- **WORK ORDER**
Using only the entries below, output the lines starting at the one containing "#2 dragon fruit <box>289,344,327,390</box>" and ending at the one containing "#2 bowl [176, 22, 421, 230]", exactly and inclusive of both, omitting the pictures.

- **MATERIAL FOR THIS EXERCISE**
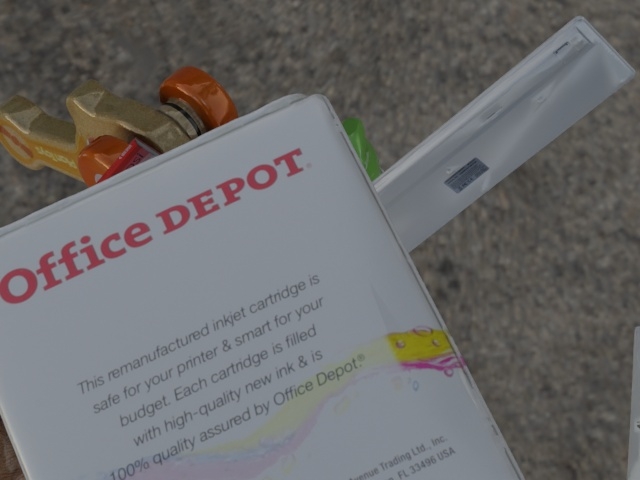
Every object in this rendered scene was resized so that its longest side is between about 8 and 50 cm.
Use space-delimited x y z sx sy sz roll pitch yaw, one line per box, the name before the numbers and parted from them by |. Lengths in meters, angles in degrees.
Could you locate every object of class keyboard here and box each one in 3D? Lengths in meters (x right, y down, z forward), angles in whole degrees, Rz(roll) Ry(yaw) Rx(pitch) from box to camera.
keyboard | 0.091 -0.049 0.892 0.256 0.014 0.072 -39 138 20

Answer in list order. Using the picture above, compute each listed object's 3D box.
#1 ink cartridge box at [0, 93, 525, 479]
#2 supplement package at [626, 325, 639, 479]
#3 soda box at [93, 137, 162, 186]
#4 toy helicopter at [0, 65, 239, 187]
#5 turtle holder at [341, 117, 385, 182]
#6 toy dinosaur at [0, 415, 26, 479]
ink cartridge box | -0.030 0.110 0.706 0.226 0.131 0.306 -24 72 -4
supplement package | 0.336 0.176 1.188 0.105 0.179 0.105 -3 146 22
soda box | -0.088 0.030 1.137 0.092 0.083 0.263 -50 132 -7
toy helicopter | -0.213 -0.069 1.366 0.355 0.140 0.235 20 145 40
turtle holder | 0.005 -0.013 1.609 0.320 0.243 0.227 3 134 39
toy dinosaur | -0.271 0.181 1.224 0.127 0.296 0.200 -9 76 34
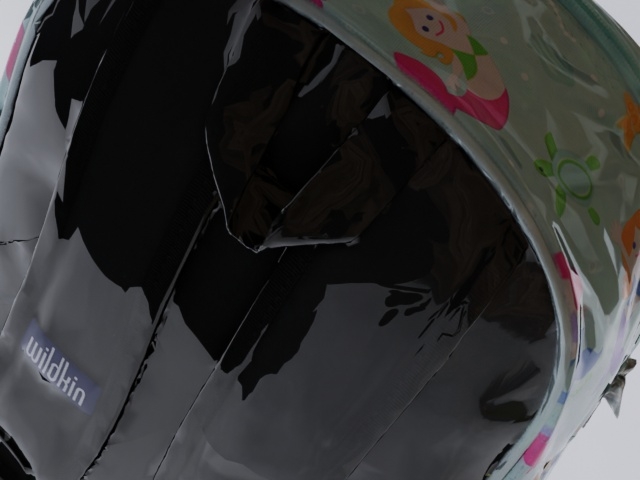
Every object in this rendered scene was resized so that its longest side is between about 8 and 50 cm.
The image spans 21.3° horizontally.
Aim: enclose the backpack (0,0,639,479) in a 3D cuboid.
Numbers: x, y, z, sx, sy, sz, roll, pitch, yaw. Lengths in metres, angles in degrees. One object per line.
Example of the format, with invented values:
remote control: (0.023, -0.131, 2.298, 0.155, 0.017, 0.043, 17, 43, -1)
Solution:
backpack: (0.000, 0.000, 0.570, 0.225, 0.253, 0.191, 38, -131, 12)
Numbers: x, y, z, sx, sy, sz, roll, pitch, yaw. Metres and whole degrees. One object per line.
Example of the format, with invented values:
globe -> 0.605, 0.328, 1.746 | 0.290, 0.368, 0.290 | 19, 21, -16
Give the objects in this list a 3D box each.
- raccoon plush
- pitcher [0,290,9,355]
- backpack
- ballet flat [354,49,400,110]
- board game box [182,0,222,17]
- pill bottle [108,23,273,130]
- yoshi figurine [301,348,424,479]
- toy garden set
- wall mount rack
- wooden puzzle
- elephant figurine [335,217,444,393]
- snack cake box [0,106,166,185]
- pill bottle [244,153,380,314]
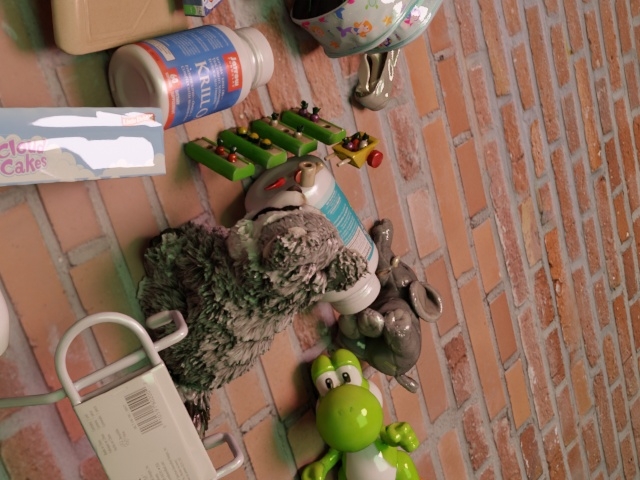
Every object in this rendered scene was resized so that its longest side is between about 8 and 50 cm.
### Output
raccoon plush -> -0.087, 0.146, 1.154 | 0.216, 0.299, 0.446 | -5, 97, -44
pitcher -> -0.418, 0.047, 0.914 | 0.207, 0.177, 0.125 | 69, 28, -21
backpack -> 0.080, -0.411, 1.332 | 0.191, 0.225, 0.253 | 46, 66, -30
ballet flat -> 0.107, -0.340, 1.467 | 0.068, 0.072, 0.213 | 16, 82, -39
board game box -> -0.163, -0.435, 1.146 | 0.136, 0.035, 0.201 | -62, 155, -46
pill bottle -> -0.176, -0.238, 1.162 | 0.221, 0.124, 0.124 | -29, 112, -39
yoshi figurine -> 0.073, 0.367, 1.406 | 0.203, 0.203, 0.362 | -35, 113, -30
toy garden set -> -0.044, -0.146, 1.239 | 0.244, 0.204, 0.049 | -26, 135, -41
wall mount rack -> -0.273, 0.249, 1.022 | 0.304, 0.130, 0.350 | -25, 111, -14
wooden puzzle -> -0.264, -0.371, 1.077 | 0.238, 0.044, 0.221 | -31, 130, -52
elephant figurine -> 0.139, 0.112, 1.486 | 0.239, 0.169, 0.186 | -58, 159, -44
snack cake box -> -0.340, -0.112, 0.992 | 0.264, 0.152, 0.089 | -9, 99, -43
pill bottle -> 0.000, 0.000, 1.335 | 0.146, 0.146, 0.264 | -52, 126, -28
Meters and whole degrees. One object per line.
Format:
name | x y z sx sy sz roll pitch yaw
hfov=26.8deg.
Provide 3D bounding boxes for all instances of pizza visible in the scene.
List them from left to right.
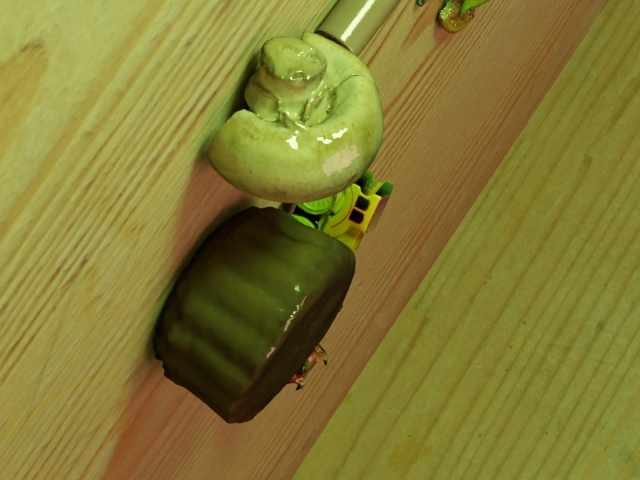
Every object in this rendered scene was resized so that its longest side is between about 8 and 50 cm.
pizza | 0.258 -0.424 2.452 0.099 0.035 0.160 -62 166 14

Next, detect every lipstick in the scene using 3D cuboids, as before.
lipstick | 0.090 -0.367 1.899 0.254 0.070 0.070 -55 166 -15

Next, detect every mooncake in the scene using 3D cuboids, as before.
mooncake | -0.100 0.105 2.009 0.324 0.187 0.324 -52 166 -18

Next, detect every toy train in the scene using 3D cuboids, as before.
toy train | 0.000 0.000 2.199 0.296 0.160 0.100 -65 172 25

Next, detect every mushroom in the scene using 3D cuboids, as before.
mushroom | -0.010 -0.159 1.751 0.254 0.189 0.195 -59 170 -36

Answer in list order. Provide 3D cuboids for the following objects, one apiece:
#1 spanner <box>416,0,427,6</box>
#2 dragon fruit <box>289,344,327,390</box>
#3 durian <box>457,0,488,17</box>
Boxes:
spanner | 0.251 -0.480 2.233 0.254 0.015 0.054 -46 -171 -6
dragon fruit | -0.056 0.164 2.437 0.137 0.135 0.236 -19 121 -61
durian | 0.322 -0.505 2.362 0.250 0.101 0.139 -58 168 -18
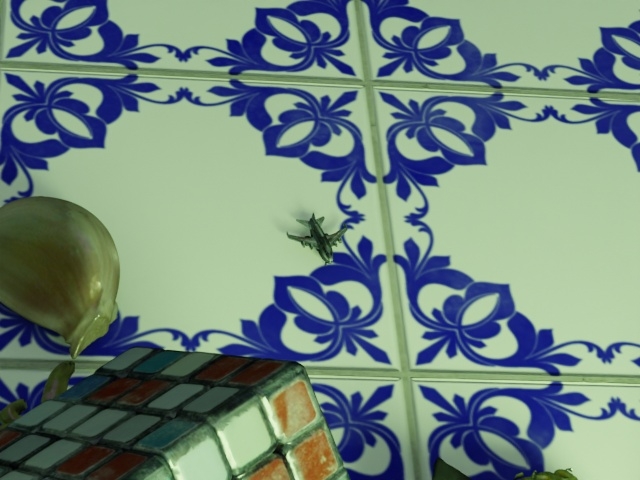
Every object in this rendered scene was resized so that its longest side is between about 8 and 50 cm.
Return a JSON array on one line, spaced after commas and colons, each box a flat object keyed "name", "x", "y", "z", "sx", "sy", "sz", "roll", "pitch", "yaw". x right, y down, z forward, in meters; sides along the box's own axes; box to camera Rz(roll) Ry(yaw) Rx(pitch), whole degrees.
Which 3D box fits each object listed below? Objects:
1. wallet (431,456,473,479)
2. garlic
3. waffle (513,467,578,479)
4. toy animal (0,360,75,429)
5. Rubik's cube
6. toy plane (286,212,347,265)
[{"name": "wallet", "x": 0.178, "y": 0.398, "z": 1.734, "sx": 0.247, "sy": 0.041, "sz": 0.323, "roll": 38, "pitch": 39, "yaw": -19}, {"name": "garlic", "x": -0.344, "y": 0.010, "z": 2.049, "sx": 0.266, "sy": 0.128, "sz": 0.148, "roll": 21, "pitch": 35, "yaw": 23}, {"name": "waffle", "x": 0.261, "y": 0.329, "z": 1.807, "sx": 0.214, "sy": 0.054, "sz": 0.208, "roll": -16, "pitch": 71, "yaw": -56}, {"name": "toy animal", "x": -0.313, "y": 0.214, "z": 1.867, "sx": 0.219, "sy": 0.103, "sz": 0.101, "roll": -27, "pitch": 76, "yaw": -32}, {"name": "Rubik's cube", "x": -0.149, "y": 0.290, "z": 1.607, "sx": 0.292, "sy": 0.287, "sz": 0.293, "roll": -33, "pitch": 20, "yaw": -33}, {"name": "toy plane", "x": 0.000, "y": 0.000, "z": 2.148, "sx": 0.078, "sy": 0.031, "sz": 0.083, "roll": -8, "pitch": 50, "yaw": -17}]
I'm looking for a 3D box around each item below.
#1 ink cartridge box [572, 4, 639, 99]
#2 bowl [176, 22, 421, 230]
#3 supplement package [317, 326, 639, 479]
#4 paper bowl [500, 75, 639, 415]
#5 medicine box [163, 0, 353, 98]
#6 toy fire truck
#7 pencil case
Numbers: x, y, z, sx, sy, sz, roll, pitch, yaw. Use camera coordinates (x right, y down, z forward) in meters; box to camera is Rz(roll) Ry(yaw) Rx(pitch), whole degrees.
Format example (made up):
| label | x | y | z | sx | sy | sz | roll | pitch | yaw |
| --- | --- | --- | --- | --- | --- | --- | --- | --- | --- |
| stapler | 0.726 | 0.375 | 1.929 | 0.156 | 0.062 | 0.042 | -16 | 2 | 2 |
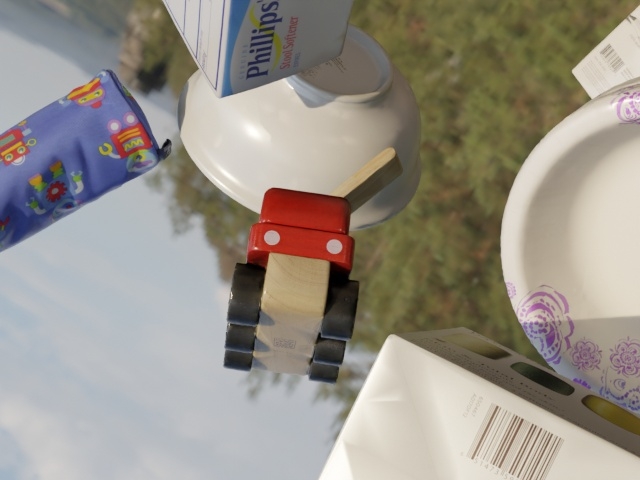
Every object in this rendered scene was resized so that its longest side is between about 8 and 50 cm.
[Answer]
| label | x | y | z | sx | sy | sz | roll | pitch | yaw |
| --- | --- | --- | --- | --- | --- | --- | --- | --- | --- |
| ink cartridge box | 0.333 | -0.174 | 1.306 | 0.056 | 0.135 | 0.099 | 5 | -132 | -51 |
| bowl | -0.004 | -0.162 | 1.508 | 0.297 | 0.134 | 0.298 | 13 | -137 | -12 |
| supplement package | 0.118 | 0.189 | 0.908 | 0.199 | 0.198 | 0.262 | 26 | -176 | 15 |
| paper bowl | 0.303 | 0.001 | 1.093 | 0.284 | 0.284 | 0.148 | 32 | -151 | 14 |
| medicine box | -0.088 | -0.335 | 1.277 | 0.289 | 0.149 | 0.263 | 61 | 162 | 20 |
| toy fire truck | 0.000 | 0.000 | 1.318 | 0.158 | 0.246 | 0.217 | 8 | 157 | -2 |
| pencil case | -0.322 | -0.065 | 1.480 | 0.119 | 0.306 | 0.133 | 48 | 168 | 40 |
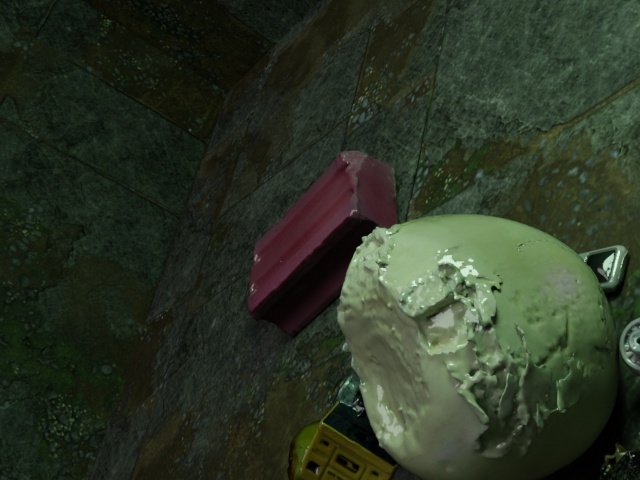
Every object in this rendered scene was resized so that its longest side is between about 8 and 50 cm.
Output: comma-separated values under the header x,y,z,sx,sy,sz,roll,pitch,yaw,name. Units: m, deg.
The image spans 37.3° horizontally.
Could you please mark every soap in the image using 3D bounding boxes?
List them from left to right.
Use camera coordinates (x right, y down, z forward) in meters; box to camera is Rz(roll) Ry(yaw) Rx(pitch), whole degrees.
x,y,z,sx,sy,sz,roll,pitch,yaw,name
0.000,0.000,1.927,0.359,0.128,0.233,-44,28,33,soap

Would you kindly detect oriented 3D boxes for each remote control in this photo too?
x,y,z,sx,sy,sz,roll,pitch,yaw,name
0.317,0.056,1.321,0.261,0.029,0.067,-19,45,57,remote control

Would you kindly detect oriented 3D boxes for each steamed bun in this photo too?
x,y,z,sx,sy,sz,roll,pitch,yaw,name
0.205,0.107,1.097,0.233,0.312,0.334,-42,68,55,steamed bun

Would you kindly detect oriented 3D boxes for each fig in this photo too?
x,y,z,sx,sy,sz,roll,pitch,yaw,name
0.023,0.344,1.464,0.165,0.144,0.154,-30,-1,37,fig

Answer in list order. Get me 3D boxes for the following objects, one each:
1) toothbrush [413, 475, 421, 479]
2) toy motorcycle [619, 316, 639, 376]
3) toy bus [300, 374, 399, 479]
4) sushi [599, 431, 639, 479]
x,y,z,sx,sy,sz,roll,pitch,yaw,name
0.137,0.262,1.447,0.025,0.029,0.307,-57,21,27,toothbrush
0.426,0.049,1.037,0.254,0.112,0.112,-59,22,9,toy motorcycle
0.088,0.238,1.299,0.123,0.121,0.335,-67,-13,20,toy bus
0.350,0.222,0.900,0.212,0.147,0.115,-52,27,36,sushi
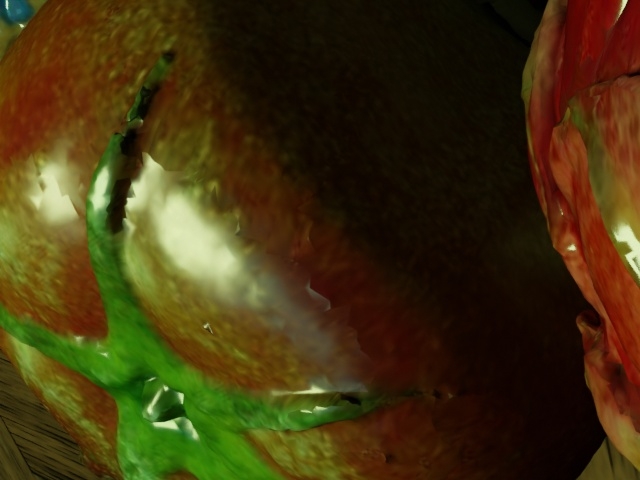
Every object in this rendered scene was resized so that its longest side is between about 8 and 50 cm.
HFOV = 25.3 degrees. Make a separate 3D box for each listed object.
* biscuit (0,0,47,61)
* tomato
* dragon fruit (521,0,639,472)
[{"bbox_3d":[-0.114,-0.114,0.753,0.184,0.047,0.319,0,124,14],"label":"biscuit"},{"bbox_3d":[0.000,0.000,0.629,0.304,0.239,0.303,27,144,22],"label":"tomato"},{"bbox_3d":[0.194,-0.020,0.376,0.277,0.277,0.342,15,143,37],"label":"dragon fruit"}]
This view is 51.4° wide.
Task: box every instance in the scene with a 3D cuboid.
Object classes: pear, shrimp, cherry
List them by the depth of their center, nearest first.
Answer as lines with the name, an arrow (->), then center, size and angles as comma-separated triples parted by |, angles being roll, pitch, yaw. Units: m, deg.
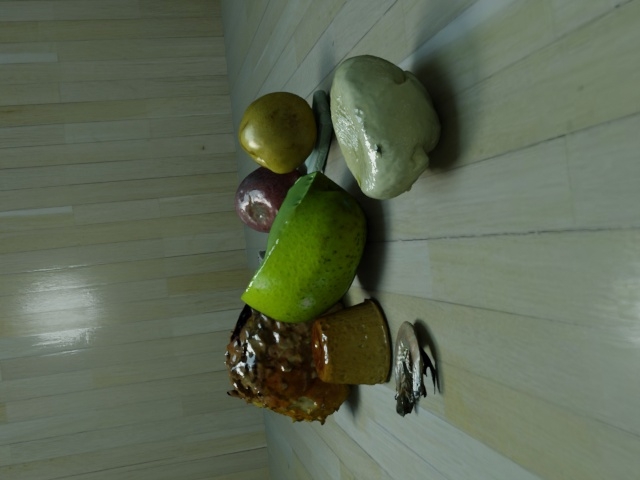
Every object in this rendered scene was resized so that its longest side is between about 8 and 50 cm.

- **THE COMPLETED TASK**
#2 dragon fruit <box>289,344,327,390</box>
#3 durian <box>457,0,488,17</box>
Boxes:
spanner | 0.251 -0.480 2.233 0.254 0.015 0.054 -46 -171 -6
dragon fruit | -0.056 0.164 2.437 0.137 0.135 0.236 -19 121 -61
durian | 0.322 -0.505 2.362 0.250 0.101 0.139 -58 168 -18
Every object in this rendered scene was resized so that its longest side is between about 8 and 50 cm.
Return a JSON array on one line, spaced after commas and colons, each box a flat object keyed "name", "x", "y", "z", "sx", "sy", "sz", "roll", "pitch", "yaw". x right, y down, z forward, in meters; sides along the box's own axes; box to camera Rz(roll) Ry(yaw) Rx(pitch), whole degrees.
Which 3D box fits each object listed below? Objects:
1. wallet (431,456,473,479)
2. garlic
3. waffle (513,467,578,479)
4. toy animal (0,360,75,429)
5. Rubik's cube
6. toy plane (286,212,347,265)
[{"name": "wallet", "x": 0.178, "y": 0.398, "z": 1.734, "sx": 0.247, "sy": 0.041, "sz": 0.323, "roll": 38, "pitch": 39, "yaw": -19}, {"name": "garlic", "x": -0.344, "y": 0.010, "z": 2.049, "sx": 0.266, "sy": 0.128, "sz": 0.148, "roll": 21, "pitch": 35, "yaw": 23}, {"name": "waffle", "x": 0.261, "y": 0.329, "z": 1.807, "sx": 0.214, "sy": 0.054, "sz": 0.208, "roll": -16, "pitch": 71, "yaw": -56}, {"name": "toy animal", "x": -0.313, "y": 0.214, "z": 1.867, "sx": 0.219, "sy": 0.103, "sz": 0.101, "roll": -27, "pitch": 76, "yaw": -32}, {"name": "Rubik's cube", "x": -0.149, "y": 0.290, "z": 1.607, "sx": 0.292, "sy": 0.287, "sz": 0.293, "roll": -33, "pitch": 20, "yaw": -33}, {"name": "toy plane", "x": 0.000, "y": 0.000, "z": 2.148, "sx": 0.078, "sy": 0.031, "sz": 0.083, "roll": -8, "pitch": 50, "yaw": -17}]
I'm looking for a 3D box around each item below.
#1 ink cartridge box [572, 4, 639, 99]
#2 bowl [176, 22, 421, 230]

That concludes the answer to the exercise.